SAN FRANCISCO--The Free Standards Group on Wednesday will announce that four leading Linux distributions have become Linux Standard Base certified.
The certification of the distributions from Caldera International Inc., MandrakeSoft S.A., Red Hat Inc. and SuSE Linux AG comes on the heels of the initial launch of the LSB Certification program at LinuxWorld in New York in late January.
At that time, the FSG released the Linux Standards Base 1.1, which provides a full set of standards that allow Linux distributions and developers of Linux applications to work together seamlessly. The group also released the Linux Internationalization Initiative (Li18nux), an internationalization guide for platform and application developers.
LSB certification verifies adherence to the standard, developed by the community and industry, for both Linux distributions and Linux-based applications.

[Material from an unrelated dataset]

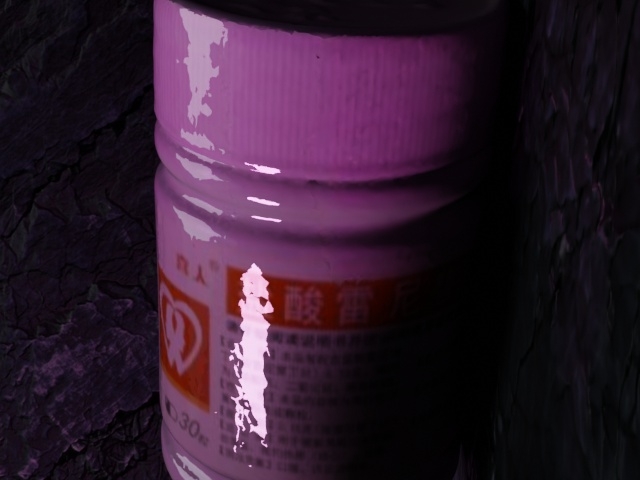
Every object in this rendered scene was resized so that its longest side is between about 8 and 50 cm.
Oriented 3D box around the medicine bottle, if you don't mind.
[{"bbox_3d":[0.000,0.000,0.654,0.202,0.202,0.316,-89,1,-64],"label":"medicine bottle"}]

The FSG, an independent, vendor-neutral, non-profit organization, administers the LSB and Li18nux.
Sources told eWEEK that the FSG on Wednesday will also announce the Li18nux Certification, which will launch later this quarter and be similar to the LSB certification in its requirements, including vendor-neutral, third-party verification.
These announcements follow Mays banding together of Linux vendors Caldera, Conectiva S.A., SuSE Linux and Turbolinux Inc.
The four companies announced that they would standardize on a single Linux distribution for the enterprise, to be known as UnitedLinux, in a move they said would streamline Linux development and certification.
On Tuesday, Sun Microsystems Inc. Chairman, President and CEO Scot McNealy used his LinuxWorld keynote presentation here to once again stress Suns commitment to making its Linux offering compatible with the LSB.
"We are not interested in creating a proprietary Sun Linux offering. We need better stewardship and compliance in the community so we dont get the fracturing and other issues that arose with Unix," McNealy said.
At a media question-and-answer session immediately following the keynote, Jonathan Schwartz, the head of Suns software operation, said the Santa Clara, Calif., company is looking at whether and how it can make its Solaris operating system LSB-compliant.
"Linux is currently quite fragmented. Today you cannot run all your applications equally on every Linux distribution. The way to change this is through open standards and the LSB," Schwartz said.